The pandemic has put a lot of strain on the housing market. Home purchase prices are more expensive than ever, and most markets now have a shortage of inventory that makes it tough to find a single or multifamily home at any price.
To identify what is helping to drive demand for multifamily housing by investors and determine how this trend affects renters relying on these units for housing, EquityMultiple compiled a list of five ways investing trends have affected multifamily real estate.
Investors aren’t just focused on individual units, either. Multifamily properties—which are properties that include more than one housing unit, whether a duplex, a townhome complex, or an apartment building.
These have become a hot commodity for investors during the pandemic—and for good reason. Properties tend to be low risk and high reward for the right investors and offer the ability to profit off of multiple units with one property purchase.
The multifamily rental market took a hit early in the pandemic, but it has since recovered and is now thriving in most metros. As of mid-2021, rent growth was up 2.5% year-over-year and was back to pre-pandemic levels—and it has only continued the upward momentum since.

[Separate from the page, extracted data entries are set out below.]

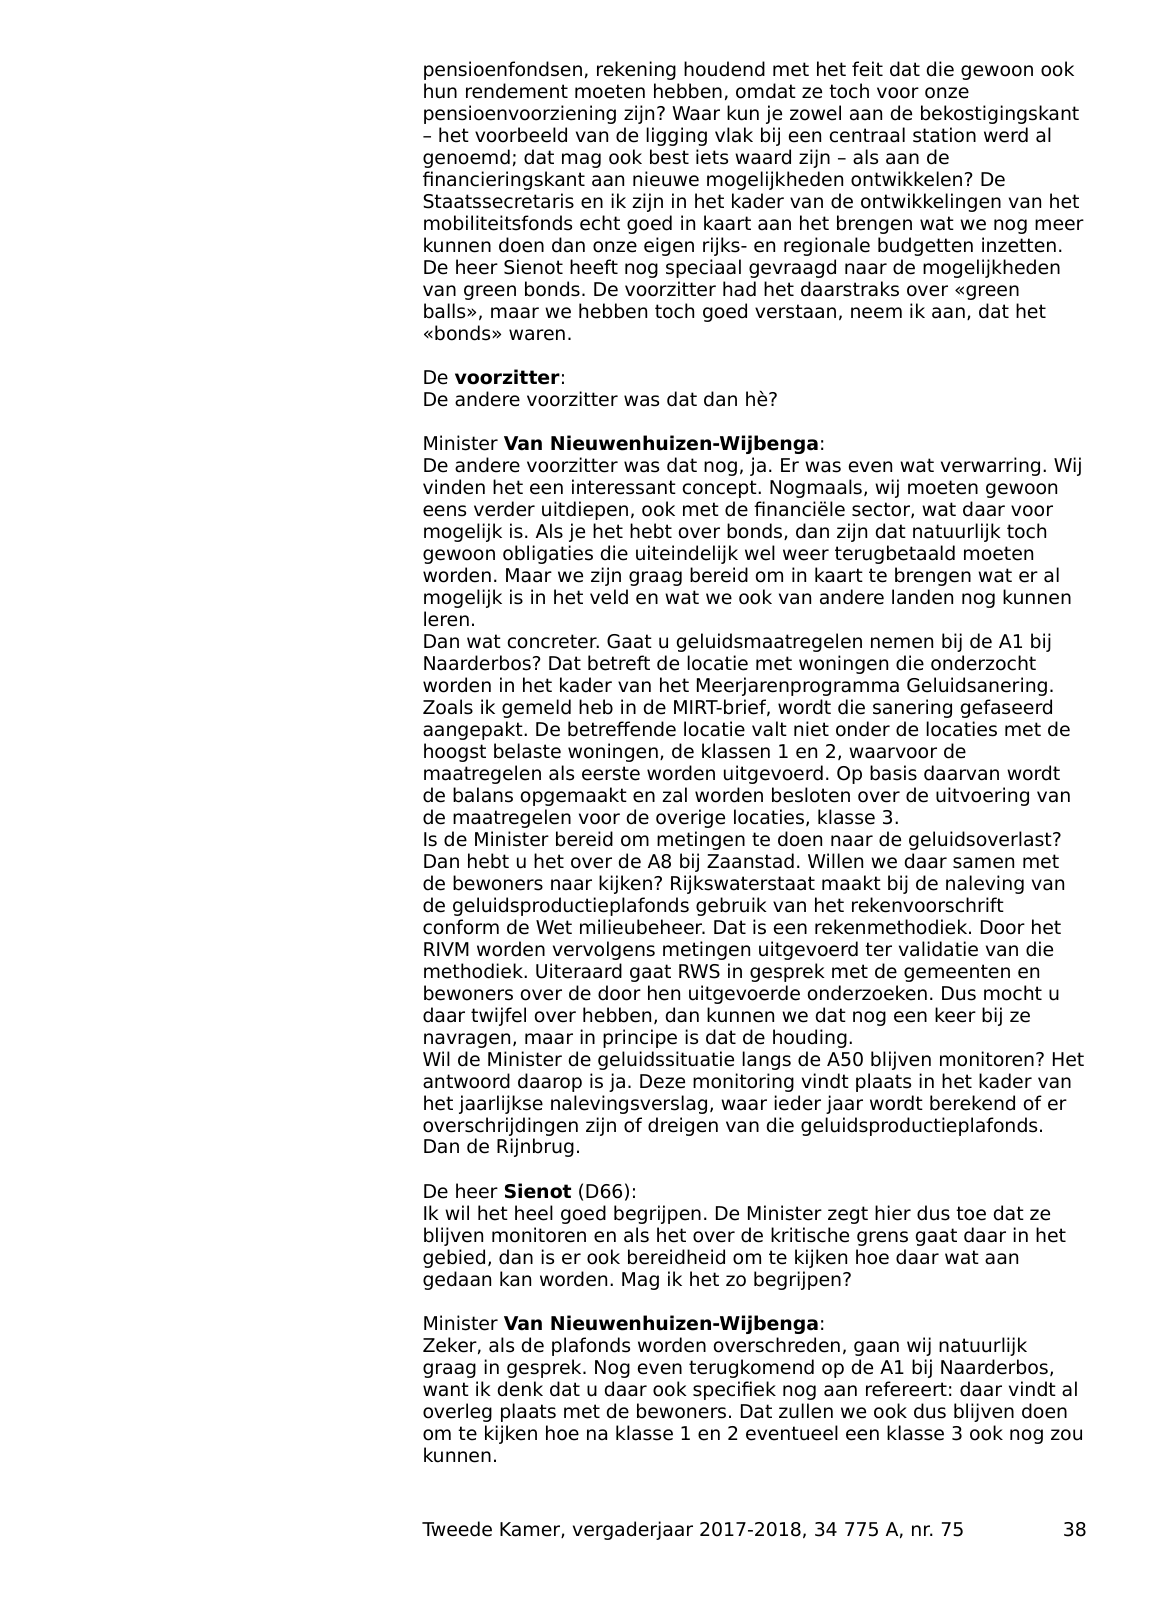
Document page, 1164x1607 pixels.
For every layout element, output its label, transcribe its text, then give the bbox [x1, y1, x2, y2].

text De andere voorzitter was dat dan hè? [422, 389, 1087, 411]
text De voorzitter: [422, 367, 1087, 389]
text De heer Sienot (D66): [422, 1181, 1087, 1203]
text De andere voorzitter was dat nog, ja. Er was even wat verwarring. Wij vinden het een interessant concept. Nogmaals, wij moeten gewoon eens verder uitdiepen, ook met de financiële sector, wat daar voor mogelijk is. Als je het hebt over bonds, dan zijn dat natuurlijk toch gewoon obligaties die uiteindelijk wel weer terugbetaald moeten worden. Maar we zijn graag bereid om in kaart te brengen wat er al mogelijk is in het veld en wat we ook van andere landen nog kunnen leren. [422, 455, 1087, 631]
text Is de Minister bereid om metingen te doen naar de geluidsoverlast? Dan hebt u het over de A8 bij Zaanstad. Willen we daar samen met de bewoners naar kijken? Rijkswaterstaat maakt bij de naleving van de geluidsproductieplafonds gebruik van het rekenvoorschrift conform de Wet milieubeheer. Dat is een rekenmethodiek. Door het RIVM worden vervolgens metingen uitgevoerd ter validatie van die methodiek. Uiteraard gaat RWS in gesprek met de gemeenten en bewoners over de door hen uitgevoerde onderzoeken. Dus mocht u daar twijfel over hebben, dan kunnen we dat nog een keer bij ze navragen, maar in principe is dat de houding. [422, 829, 1087, 1048]
text Minister Van Nieuwenhuizen-Wijbenga: [422, 433, 1087, 455]
text Zeker, als de plafonds worden overschreden, gaan wij natuurlijk graag in gesprek. Nog even terugkomend op de A1 bij Naarderbos, want ik denk dat u daar ook specifiek nog aan refereert: daar vindt al overleg plaats met de bewoners. Dat zullen we ook dus blijven doen om te kijken hoe na klasse 1 en 2 eventueel een klasse 3 ook nog zou kunnen. [422, 1335, 1087, 1467]
text Dan wat concreter. Gaat u geluidsmaatregelen nemen bij de A1 bij Naarderbos? Dat betreft de locatie met woningen die onderzocht worden in het kader van het Meerjarenprogramma Geluidsanering. Zoals ik gemeld heb in de MIRT-brief, wordt die sanering gefaseerd aangepakt. De betreffende locatie valt niet onder de locaties met de hoogst belaste woningen, de klassen 1 en 2, waarvoor de maatregelen als eerste worden uitgevoerd. Op basis daarvan wordt de balans opgemaakt en zal worden besloten over de uitvoering van de maatregelen voor de overige locaties, klasse 3. [422, 631, 1087, 829]
text Dan de Rijnbrug. [422, 1136, 1087, 1158]
text Ik wil het heel goed begrijpen. De Minister zegt hier dus toe dat ze blijven monitoren en als het over de kritische grens gaat daar in het gebied, dan is er ook bereidheid om te kijken hoe daar wat aan gedaan kan worden. Mag ik het zo begrijpen? [422, 1203, 1087, 1291]
text Wil de Minister de geluidssituatie langs de A50 blijven monitoren? Het antwoord daarop is ja. Deze monitoring vindt plaats in het kader van het jaarlijkse nalevingsverslag, waar ieder jaar wordt berekend of er overschrijdingen zijn of dreigen van die geluidsproductieplafonds. [422, 1048, 1087, 1136]
text pensioenfondsen, rekening houdend met het feit dat die gewoon ook hun rendement moeten hebben, omdat ze toch voor onze pensioenvoorziening zijn? Waar kun je zowel aan de bekostigingskant – het voorbeeld van de ligging vlak bij een centraal station werd al genoemd; dat mag ook best iets waard zijn – als aan de financieringskant aan nieuwe mogelijkheden ontwikkelen? De Staatssecretaris en ik zijn in het kader van de ontwikkelingen van het mobiliteitsfonds echt goed in kaart aan het brengen wat we nog meer kunnen doen dan onze eigen rijks- en regionale budgetten inzetten. [422, 59, 1087, 257]
text De heer Sienot heeft nog speciaal gevraagd naar de mogelijkheden van green bonds. De voorzitter had het daarstraks over «green balls», maar we hebben toch goed verstaan, neem ik aan, dat het «bonds» waren. [422, 257, 1087, 345]
text Minister Van Nieuwenhuizen-Wijbenga: [422, 1313, 1087, 1335]

1) Recent Rental Growth Has Been Explosive for Multifamily Properties
The demand for multifamily housing is extremely high right now and likely to stay that way for the time being. November housing data from the census shows national vacancy rates in the third quarter of 2021 were 5.8% for rental housing—an extremely low rate.
2) The Demand for Multifamily Units is Strong and is Likely to Continue
There was a swift decline in multifamily leasing activity at the start of the pandemic, but that downward trend is no longer an issue. New leases have been on the upswing since February of 2021, and there is also an interesting trend of current renters renewing their existing leases.